David Green

David Green (Books) is the imprint under which I published booklets of my own poems. The original allocation of ISBN numbers is used up now, though. The 'Collected Poems' are now available as a pdf. The website is now what it has become, often more about music than books and not so often about poems. It will be about whatever suggests itself.

Sunday, 19 June 2011

Tamar Yoseloff - The City with Horns



Tamar Yoseloff, The City with Horns (Salt)

The City with Horns is the title of the middle of three sections to Tamar Yoseloff's new book which is an involving account of the life of Jackson Pollock. We also see Rothko, Kerouac and Ginsberg among the maniac, generically-styled beats all having their wild times as well as Frank O'Hara, the nice, sensible one.Pollock is macho, atavistic and potentially dangerous. Yoseloff's achievement is to express him in such detached and yet vivid poems. In the aftermath of his turbulent life, his paintings are,

the way the galaxy might look to a man stranded
in space, before science and logic takes hold.

Either side of this central section are poems called City Winter and Indian Summer. The first contains the more successful poems, for me Invisible Nearby Sea taking the unpromising theme of sitting next to a fat bloke on a bus and making something quite special from it. Their proximity leads the two passengers to some imagined recognition of each other's background,

And he will sense that I carry
the stagnant air of shuttered rooms, stalled lifts,
the slow creep of complacency. But still
it rises from tarmac to find us, clings

to our skin: that saline longing
for somewhere else.

Blackwork is about embroidery that mourns a lost lover to charming sixteenth century effect and City Winter itself is a fine meditation with a satisfying sense of loss.
Perhaps in other places the observation is a little prosaic, the Mannequins on 7th Street or the seemingly mundane thoughts on Stamps that might or might not be recovered by a nice ending.
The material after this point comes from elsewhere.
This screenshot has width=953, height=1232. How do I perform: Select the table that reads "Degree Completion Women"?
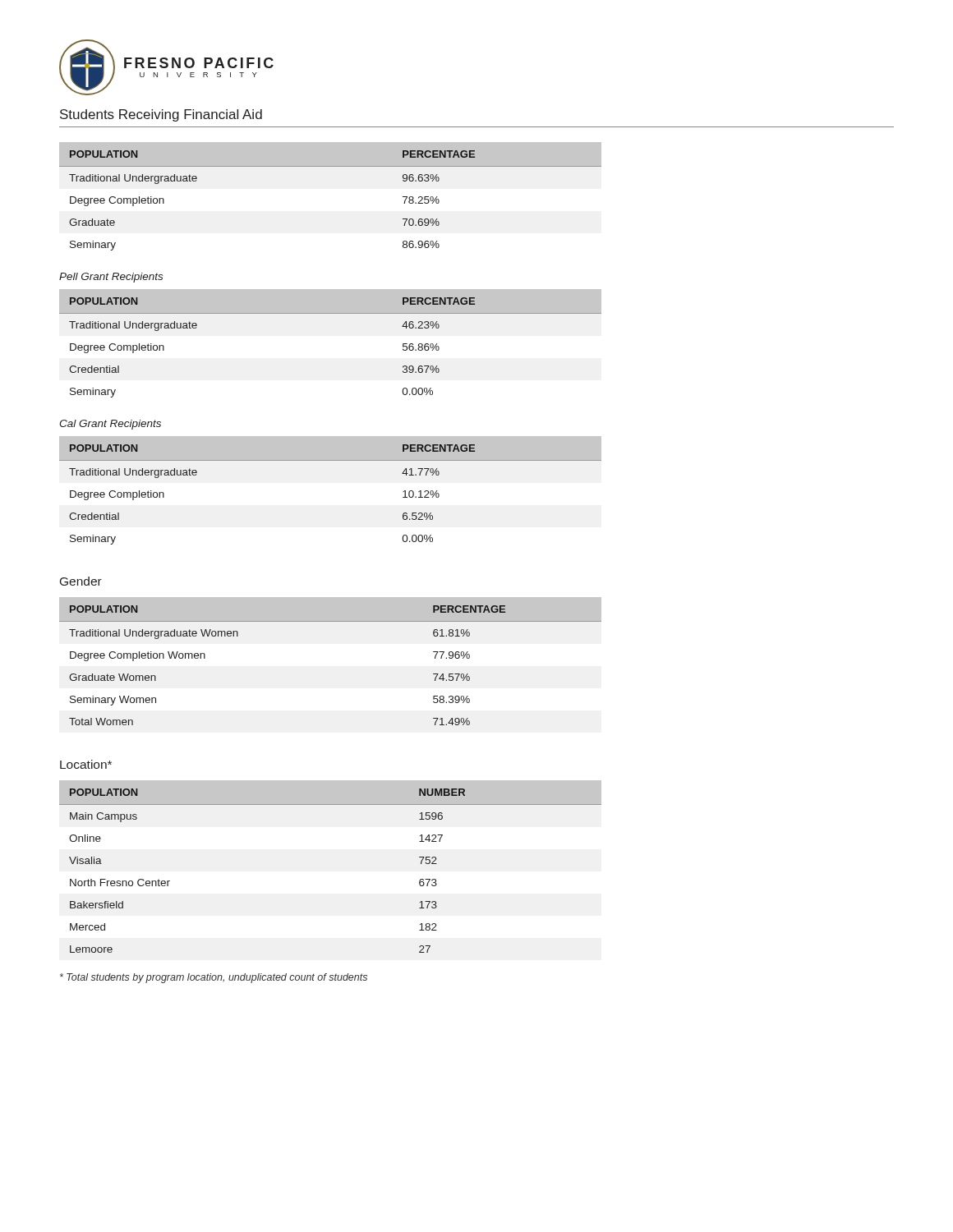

The third section involves a fair amount of poetic fading, losing and escaping, the highlight being Jetty, which turns out to be considerably better than Peter Doig's painting once you've googled it but both capture the increasing dark, the reducing view, the turning in on oneself that both nighttime and ageing inevitably bring.
It's a considerable book, evocative and confidently made. It is urban poetry with various hints of glamour and degradation, in each sense of the word.